I realized that arg_list might be quite large if the large_file is very large. I am not sure if there is enough free memory for it. Then I tried to use yield generator instead of just a python list as Code example 2, which runs normally but does not generate anything. Code example 2:

from concurrent.futures import ProcessPoolExecutor
import pandas as pd
from collections import OrderedDict
import os

def process(args):
    parm1, parm2, parm3, output_file = args
    scores = []
    # do something with scores...
    if parm1:
        scores = [parm2, sum(parm3)]
    else:
        scores = [parm2/len(parm3), sum(parm3)/len(parm3)]
    # create result
    result = '\t'.join(scores) + '\n'
    output_file.write(result)

def main(large_file_path, output_path, max_processes):
    #do something ...
    with open(large_file_path, 'r') as large_file, open(output_path, 'w') as output_file:
        def arg_generator(large_file, output_file):
            parm1, parm2, parm3 = False, 0, []
            for line in large_file:
                if line.startswith('#'):
                    continue
                else:
                    # do something to update parm1, parm2, parm3...
                    data = line.strip().split('\t')
                    parm1 = data[0] > 0
                    parm2 = data[1]
                    parm3 = data[2:]
                    # yield
                    yield (parm1, parm2, parm3, output_file)
        with ProcessPoolExecutor(max_processes) as executor:
            executor.map(process, arg_generator(large_file, output_file), chunksize=int(max_processes/2))

if __name__ == "__main__":
    large_path = "/path/to/large_file"
    output_path = f"para_scores.txt"
    max_processes = int(os.cpu_count()/2)# Set the maximum number of processes

    main(large_path, output_path, max_processes)

I ran the code on a ubuntu 20.04.6 LTS server, python 3.9.18.

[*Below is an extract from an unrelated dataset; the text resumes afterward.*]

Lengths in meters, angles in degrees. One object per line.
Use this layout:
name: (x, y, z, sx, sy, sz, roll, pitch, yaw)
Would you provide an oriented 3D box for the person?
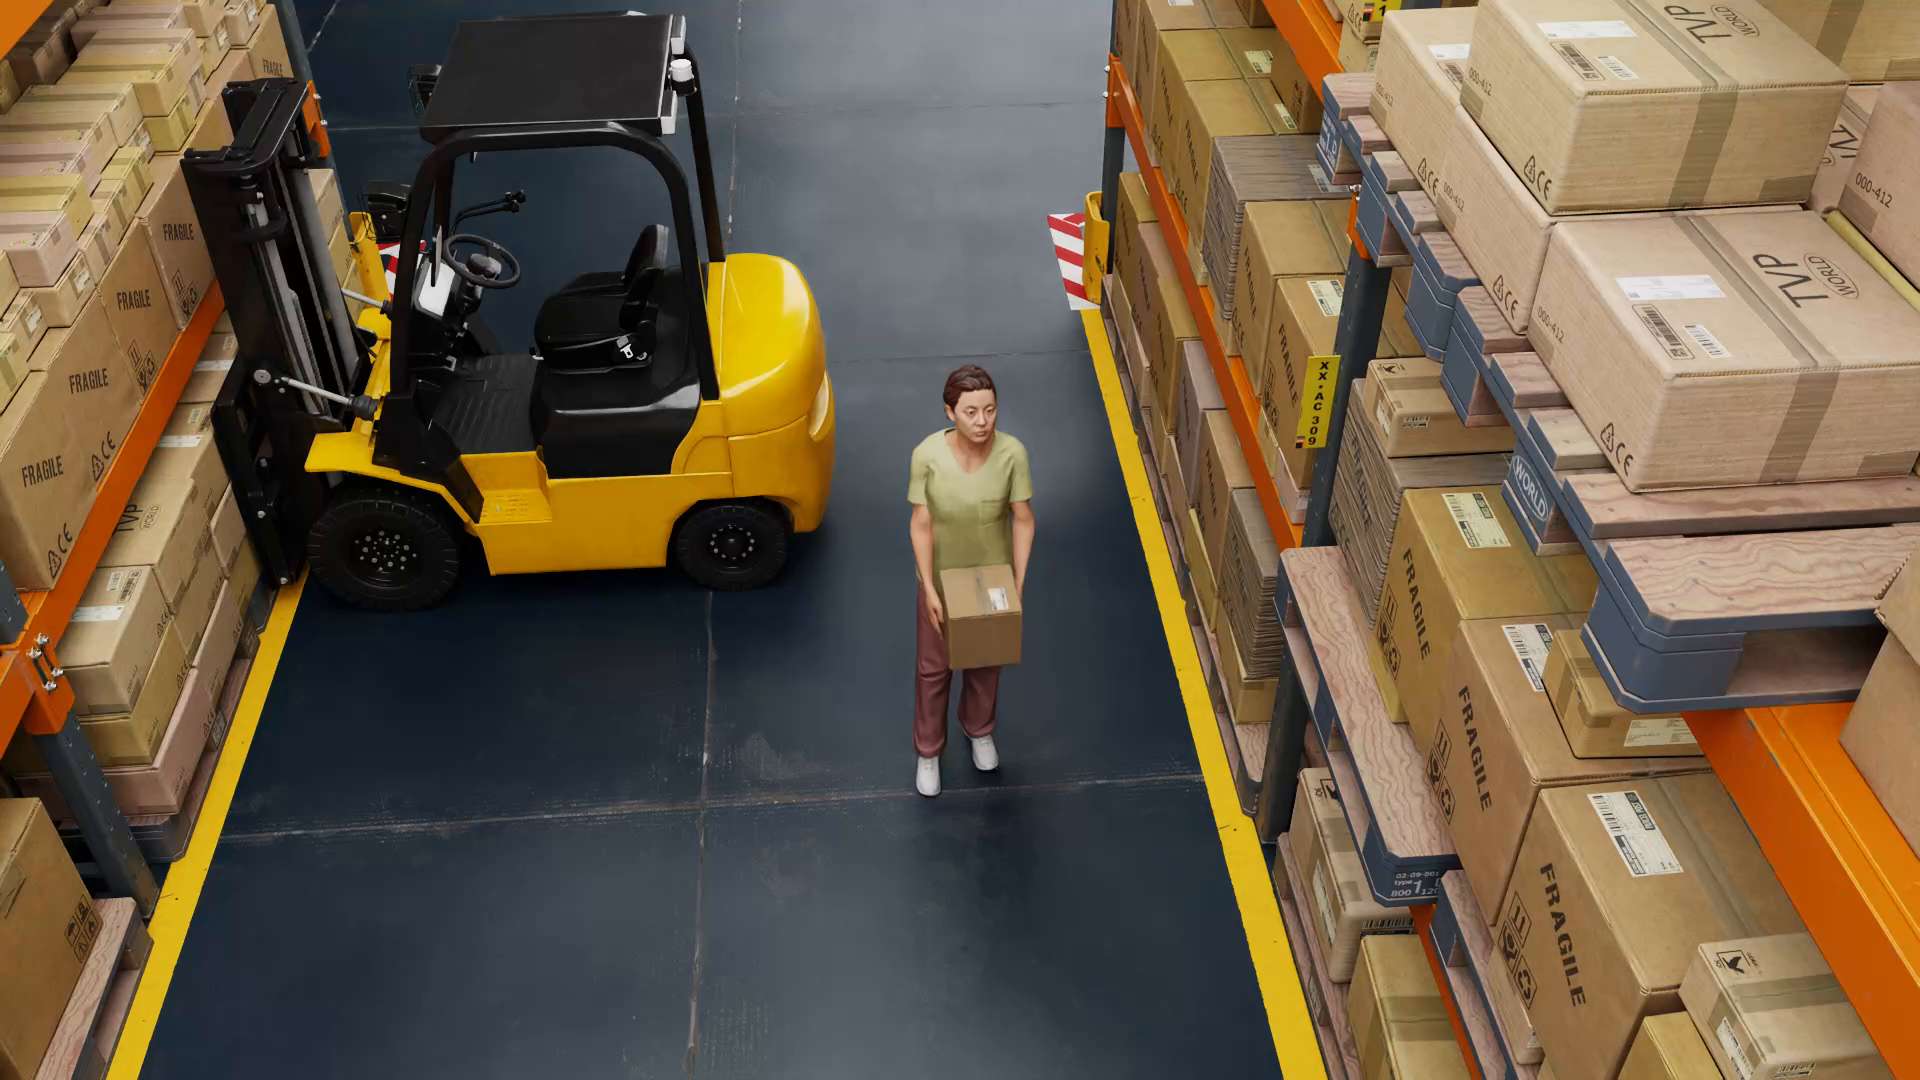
person: (0.041, 0.158, 5.957, 0.465, 1.676, 0.514, -5, 40, -6)

So can ProcessPoolExecutor work with yield generator in Python? Or the use of executor.map is problemmatic? What should I do to make it work?


Solution

  • Yes it can. Here's an example:

    from concurrent.futures import ProcessPoolExecutor
    
    
    def process(x):
        print(x * 2)
    
    
    def gen():
        for i in range(3):
            yield i
    
    
    def main():
        print('starting')
        with ProcessPoolExecutor() as executor:
            executor.map(process, gen())
        print('done')
    
    
    main()
    

    Output:

    starting
    0
    2
    4
    done
    

    The processes don't know where their arguments came from, they recieve individual items, not the entire generator. Using a generator makes no difference.

    However, trying to pass an open file handle does seem to weirdly break things:

    from concurrent.futures import ProcessPoolExecutor
    
    
    def process(f):
        print('processing', f)
    
    
    def main():
        print('starting')
        with open('path_to_file.txt') as f:
            with ProcessPoolExecutor() as executor:
                executor.map(process, [f])
        print('done')
    
    
    main()
    

    The output is missing the 'processing':

    starting
    done
    

    Rather pass the filename as a string to each process. Use a different filename for each process so that they don't overwrite each other.